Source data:

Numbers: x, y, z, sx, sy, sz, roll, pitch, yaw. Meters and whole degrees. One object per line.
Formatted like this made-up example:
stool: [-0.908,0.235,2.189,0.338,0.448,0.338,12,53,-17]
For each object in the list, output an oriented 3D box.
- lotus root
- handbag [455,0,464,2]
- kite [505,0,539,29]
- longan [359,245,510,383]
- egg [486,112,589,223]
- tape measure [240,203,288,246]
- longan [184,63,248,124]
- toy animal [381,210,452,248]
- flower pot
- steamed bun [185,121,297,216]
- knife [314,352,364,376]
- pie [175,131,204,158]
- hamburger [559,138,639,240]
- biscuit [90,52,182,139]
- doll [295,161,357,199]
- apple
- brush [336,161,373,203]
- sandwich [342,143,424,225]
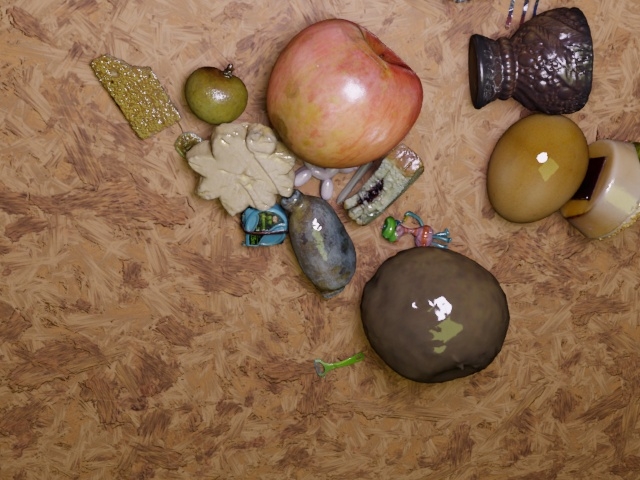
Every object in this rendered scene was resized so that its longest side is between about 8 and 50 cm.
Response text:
lotus root: [0.002,-0.001,1.750,0.175,0.175,0.349,-22,115,3]
handbag: [0.416,-0.770,1.470,0.303,0.122,0.329,-11,115,4]
kite: [0.544,-0.673,1.592,0.141,0.015,0.245,4,113,-6]
longan: [0.335,0.222,1.770,0.436,0.404,0.404,28,109,-14]
egg: [0.590,-0.195,1.691,0.250,0.250,0.322,17,119,-14]
tape measure: [-0.158,-0.047,1.762,0.146,0.081,0.125,0,118,-7]
longan: [-0.261,-0.377,1.557,0.155,0.145,0.176,-9,139,-41]
toy animal: [0.287,-0.030,1.824,0.208,0.100,0.103,13,91,-3]
flower pot: [0.525,-0.445,1.573,0.267,0.266,0.266,-5,116,9]
steamed bun: [-0.210,-0.205,1.640,0.292,0.137,0.295,7,134,-8]
knife: [0.066,0.409,2.034,0.166,0.022,0.078,-14,121,1]
pie: [-0.354,-0.256,1.674,0.084,0.020,0.084,-2,115,-5]
hamburger: [0.813,-0.143,1.725,0.170,0.302,0.302,22,111,-8]
biscuit: [-0.477,-0.388,1.595,0.131,0.026,0.237,-28,114,5]
doll: [0.016,-0.201,1.724,0.161,0.059,0.160,22,112,-15]
apple: [0.049,-0.345,1.504,0.364,0.364,0.363,-3,115,-6]
brush: [0.133,-0.222,1.745,0.042,0.039,0.299,34,110,-16]
sandwich: [0.169,-0.142,1.650,0.254,0.288,0.099,-40,87,9]

Problem to work on
Up to and including the line containing "Every object in", quote each line of the entries above from the very first, please, exactly and without images.

Exercise result
Numbers: x, y, z, sx, sy, sz, roll, pitch, yaw. Meters and whole degrees. One object per line.
Formatted like this made-up example:
stool: [-0.908,0.235,2.189,0.338,0.448,0.338,12,53,-17]
For each object in the list, output an oriented 3D box.
- lotus root
- handbag [455,0,464,2]
- kite [505,0,539,29]
- longan [359,245,510,383]
- egg [486,112,589,223]
- tape measure [240,203,288,246]
- longan [184,63,248,124]
- toy animal [381,210,452,248]
- flower pot
- steamed bun [185,121,297,216]
- knife [314,352,364,376]
- pie [175,131,204,158]
- hamburger [559,138,639,240]
- biscuit [90,52,182,139]
- doll [295,161,357,199]
- apple
- brush [336,161,373,203]
- sandwich [342,143,424,225]
Every object in this rendered scene was resized so that its longest side is between about 8 and 50 cm.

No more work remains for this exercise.